In the script, Slurm directives are preceded by #SBATCH, making them appear as comments to the shell. Slurm looks for these directives through the first non-comment, non-whitespace line. Options after that will be ignored by Slurm (and the shell).

Line Description
1 Shell interpreter line
2 OLCF project to charge
3 Job name
4 Job standard output file (%x will be replaced with the job name and %j with the Job ID)
5 Walltime requested (in HH:MM:SS format). See the table below for other formats.
6 Partition (queue) to use
7 Number of compute nodes requested
8 Blank line
9 Change into the run directory
10 Copy the input file into place
11 Run the job ( add layout details )
12 Copy the output file to an appropriate location.

Interactive Jobs

Most users will find batch jobs an easy way to use the system, as they allow you to "hand off" a job to the scheduler, allowing them to focus on other tasks while their job waits in the queue and eventually runs. Occasionally, it is necessary to run interactively, especially when developing, testing, modifying or debugging a code.

Since all compute resources are managed and scheduled by Slurm, it is not possible to simply log into the system and immediately begin running parallel codes interactively. Rather, you must request the appropriate resources from Slurm and, if necessary, wait for them to become available. This is done through an "interactive batch" job. Interactive batch jobs are submitted with the salloc command. Resources are requested via the same options that are passed via #SBATCH in a regular batch script (but without the #SBATCH prefix). For example, to request an interactive batch job with the same resources that the batch script above requests, you would use salloc -A ABC123 -J RunSim123 -t 1:00:00 -p batch -N 1024. Note there is no option for an output file...you are running interactively, so standard output and standard error will be displayed to the terminal.

Warning

Indicating your shell in your salloc command is NOT recommended (e.g., salloc ... /bin/bash). Doing so causes your compute job to start on a login node by default rather than automatically moving you to a compute node.

Common Slurm Options

The table below summarizes options for submitted jobs. Unless otherwise noted, they can be used for either batch scripts or interactive batch jobs. For scripts, they can be added on the sbatch command line or as a #BSUB directive in the batch script. (If they're specified in both places, the command line takes precedence.) This is only a subset of all available options. Check the Slurm Man Pages for a more complete list.
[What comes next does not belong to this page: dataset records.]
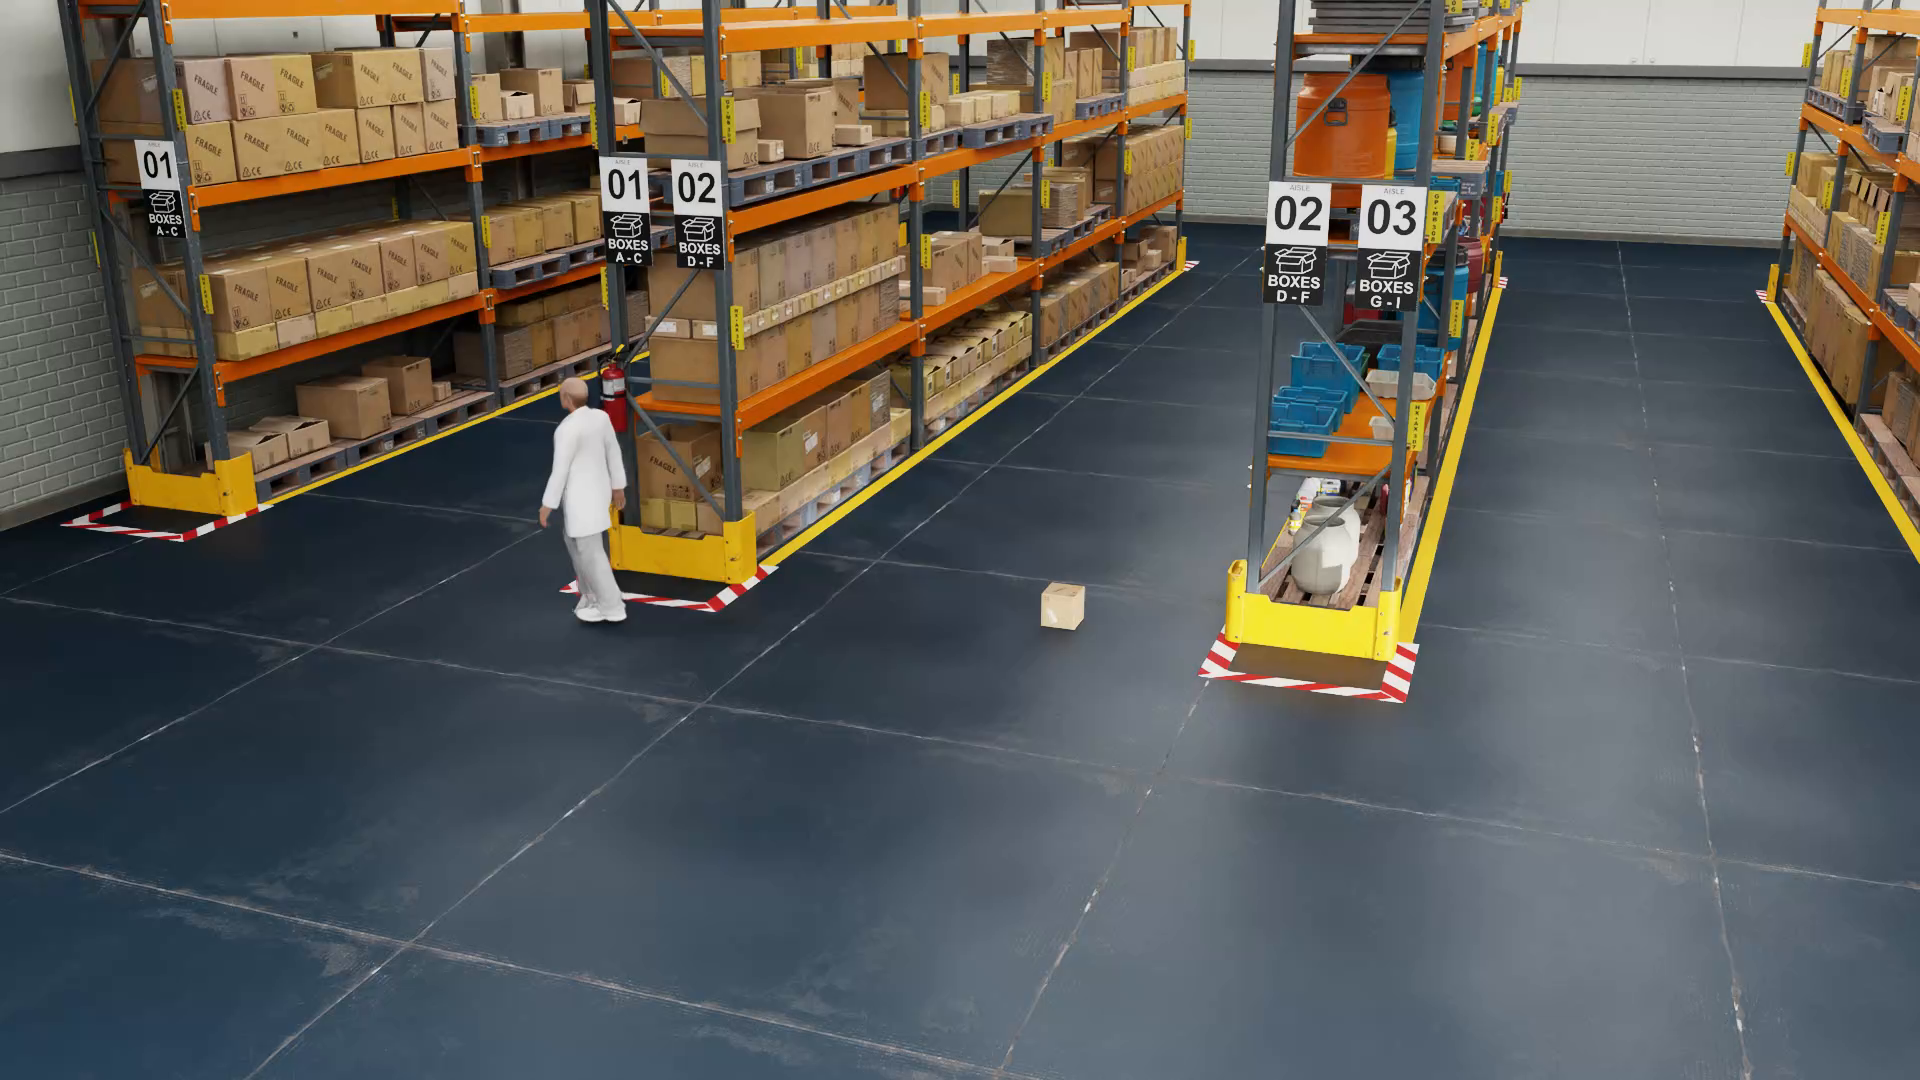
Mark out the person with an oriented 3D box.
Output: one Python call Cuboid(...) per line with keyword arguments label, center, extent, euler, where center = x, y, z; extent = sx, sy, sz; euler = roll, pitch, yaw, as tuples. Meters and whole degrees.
Cuboid(label="person", center=(-2.664, -0.254, 11.918), extent=(0.576, 1.857, 0.662), euler=(6, 19, 17))
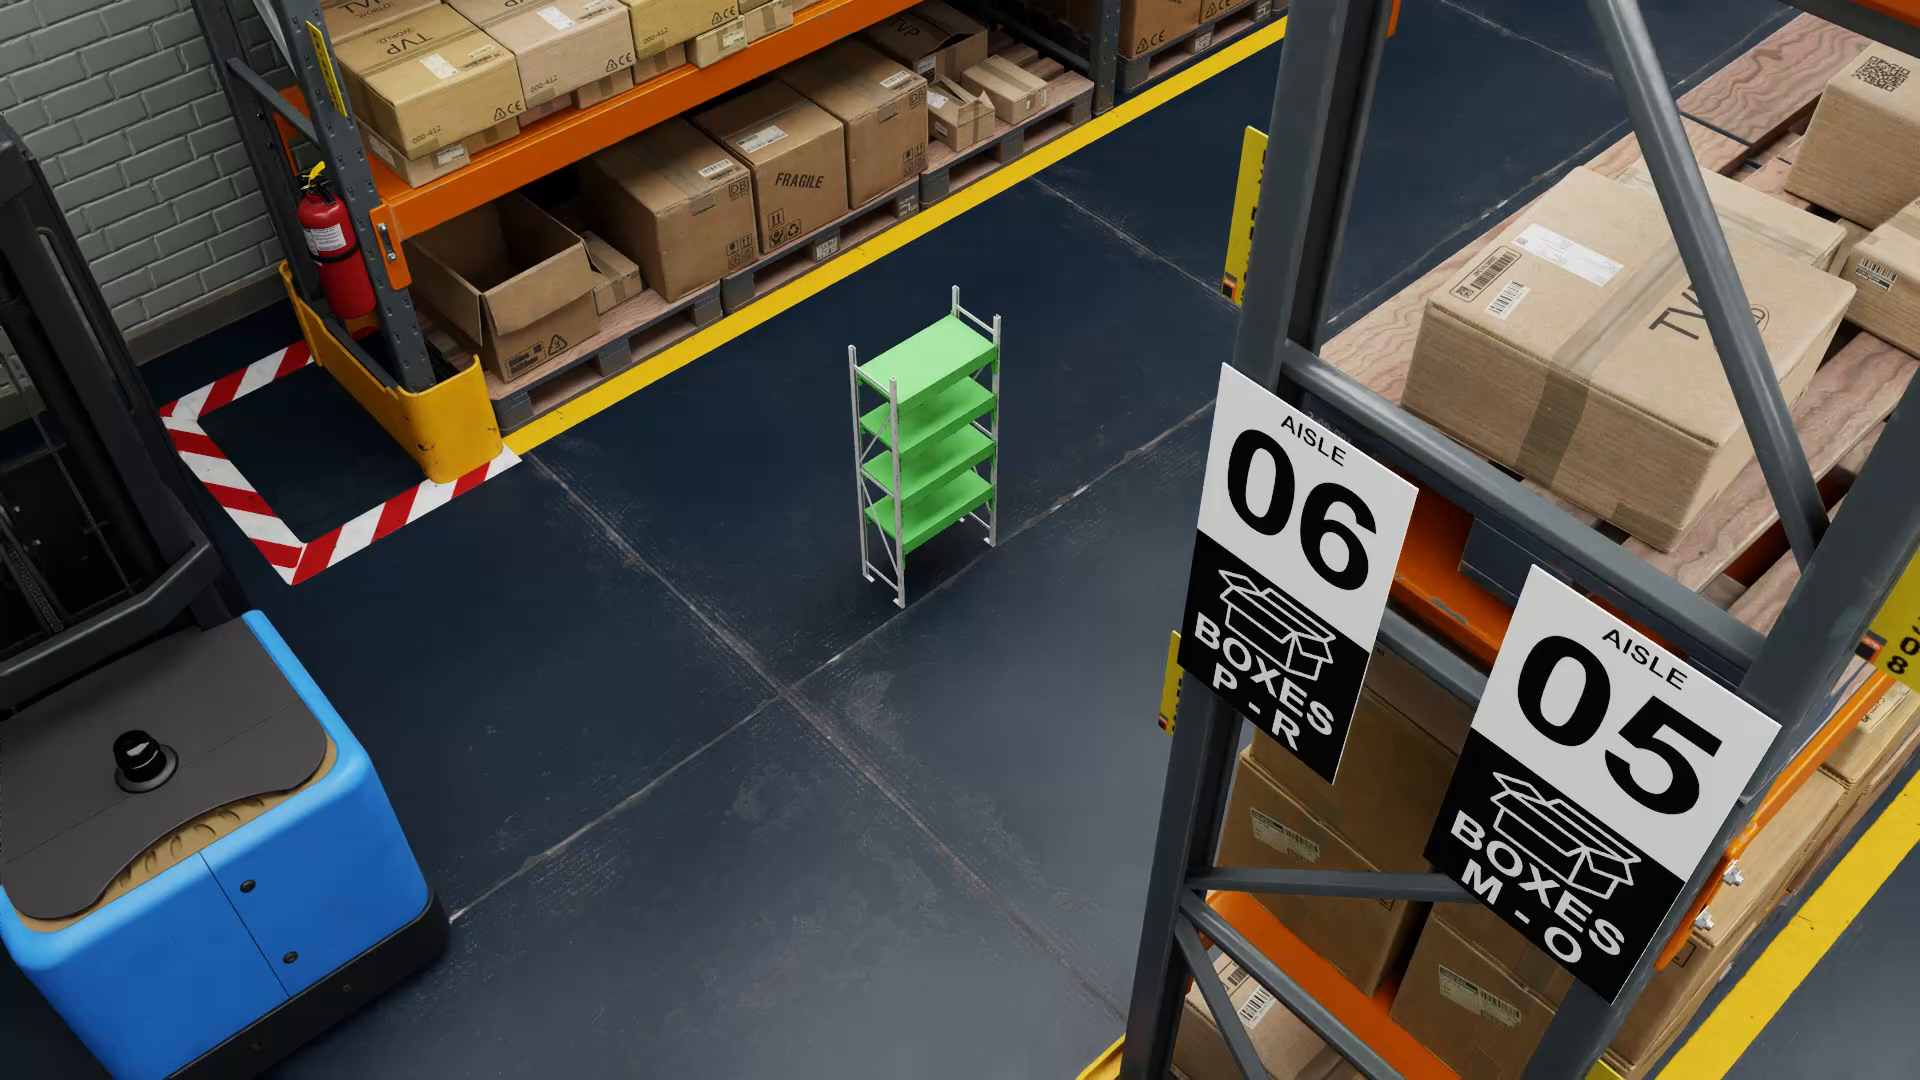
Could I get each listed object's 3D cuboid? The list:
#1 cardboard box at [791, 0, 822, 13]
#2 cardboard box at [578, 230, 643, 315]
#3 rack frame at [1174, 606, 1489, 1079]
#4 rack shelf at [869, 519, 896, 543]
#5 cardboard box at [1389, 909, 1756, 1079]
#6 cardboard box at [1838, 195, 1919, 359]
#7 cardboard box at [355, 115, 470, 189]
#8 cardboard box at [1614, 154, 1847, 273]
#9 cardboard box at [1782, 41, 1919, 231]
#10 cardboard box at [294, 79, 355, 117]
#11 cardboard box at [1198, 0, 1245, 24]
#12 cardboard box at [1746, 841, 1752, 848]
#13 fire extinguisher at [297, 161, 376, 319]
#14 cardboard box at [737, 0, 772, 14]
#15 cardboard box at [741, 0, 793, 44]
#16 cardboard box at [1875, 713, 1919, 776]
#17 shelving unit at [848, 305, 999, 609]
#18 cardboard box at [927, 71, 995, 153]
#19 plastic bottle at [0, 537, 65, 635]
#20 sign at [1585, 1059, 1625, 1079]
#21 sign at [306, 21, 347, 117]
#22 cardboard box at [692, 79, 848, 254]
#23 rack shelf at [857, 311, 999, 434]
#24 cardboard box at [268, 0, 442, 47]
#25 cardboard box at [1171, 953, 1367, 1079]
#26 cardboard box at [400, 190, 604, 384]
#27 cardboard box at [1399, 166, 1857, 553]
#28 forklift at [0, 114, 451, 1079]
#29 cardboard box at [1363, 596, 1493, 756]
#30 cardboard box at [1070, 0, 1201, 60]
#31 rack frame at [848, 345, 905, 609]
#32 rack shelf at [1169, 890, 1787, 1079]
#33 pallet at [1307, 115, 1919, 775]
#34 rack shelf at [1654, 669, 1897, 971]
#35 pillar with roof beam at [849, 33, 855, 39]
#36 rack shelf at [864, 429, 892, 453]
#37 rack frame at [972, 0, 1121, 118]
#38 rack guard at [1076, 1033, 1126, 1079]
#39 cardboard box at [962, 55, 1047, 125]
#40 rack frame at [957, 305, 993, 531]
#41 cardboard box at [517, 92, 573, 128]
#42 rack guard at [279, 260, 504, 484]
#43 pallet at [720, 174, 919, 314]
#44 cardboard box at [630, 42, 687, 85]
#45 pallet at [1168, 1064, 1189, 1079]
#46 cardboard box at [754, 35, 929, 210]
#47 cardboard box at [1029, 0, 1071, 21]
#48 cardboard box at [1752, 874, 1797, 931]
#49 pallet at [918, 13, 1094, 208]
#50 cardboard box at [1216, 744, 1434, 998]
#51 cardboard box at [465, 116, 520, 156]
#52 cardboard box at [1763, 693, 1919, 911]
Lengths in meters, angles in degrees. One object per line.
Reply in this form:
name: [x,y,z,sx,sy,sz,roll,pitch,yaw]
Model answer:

Option Example Usage Description
-A #SBATCH -A ABC123 Specifies the project to which the job should be charged
-N #SBATCH -N 1024 Request 1024 nodes for the job
-t #SBATCH -t 4:00:00 Request a walltime of 4 hours. Walltime requests can be specified as minutes, hours:minutes, hours:minuts:seconds days-hours, days-hours:minutes, or days-hours:minutes:seconds
--threads-per-core #SBATCH --threads-per-core=2
Number of active hardware threads per core. Can be 1 or 2 (1 is default)
Must be used if using --threads-per-core=2 in your srun command.
-d #SBATCH -d afterok:12345 Specify job dependency (in this example, this job cannot start until job 12345 exits with an exit code of 0. See the Job Dependency section for more information
-C #SBATCH -C nvme Request the burst buffer/NVMe on each node be made available for your job. See the Burst Buffers section for more information on using them.
-J #SBATCH -J MyJob123 Specify the job name (this will show up in queue listings)
-o #SBATCH -o jobout.%j File where job STDOUT will be directed (%j will be replaced with the job ID). If no -e option is specified, job STDERR will be placed in this file, too.
-e #SBATCH -e joberr.%j File where job STDERR will be directed (%j will be replaced with the job ID). If no -o option is specified, job STDOUT will be placed in this file, too.
--mail-type #SBATCH --mail-type=END Send email for certain job actions. Can be a comma-separated list. Actions include BEGIN, END, FAIL, REQUEUE, INVALID_DEPEND, STAGE_OUT, ALL, and more.
--mail-user #SBATCH --mail-user=user@somewhere.com Email address to be used for notifications.
--reservation #SBATCH --reservation=MyReservation.1 Instructs Slurm to run a job on nodes that are part of the specified reservation.
-S #SBATCH -S 8 Instructs Slurm to reserve a specific number of cores per node (default is 8). Reserved cores cannot be used by the application.
--signal #SBATCH --signal=USR1@300
Send the given signal to a job the specified time (in seconds) seconds before the job reaches its walltime. The signal can be by name or by number (i.e. both 10 and USR1 would send SIGUSR1).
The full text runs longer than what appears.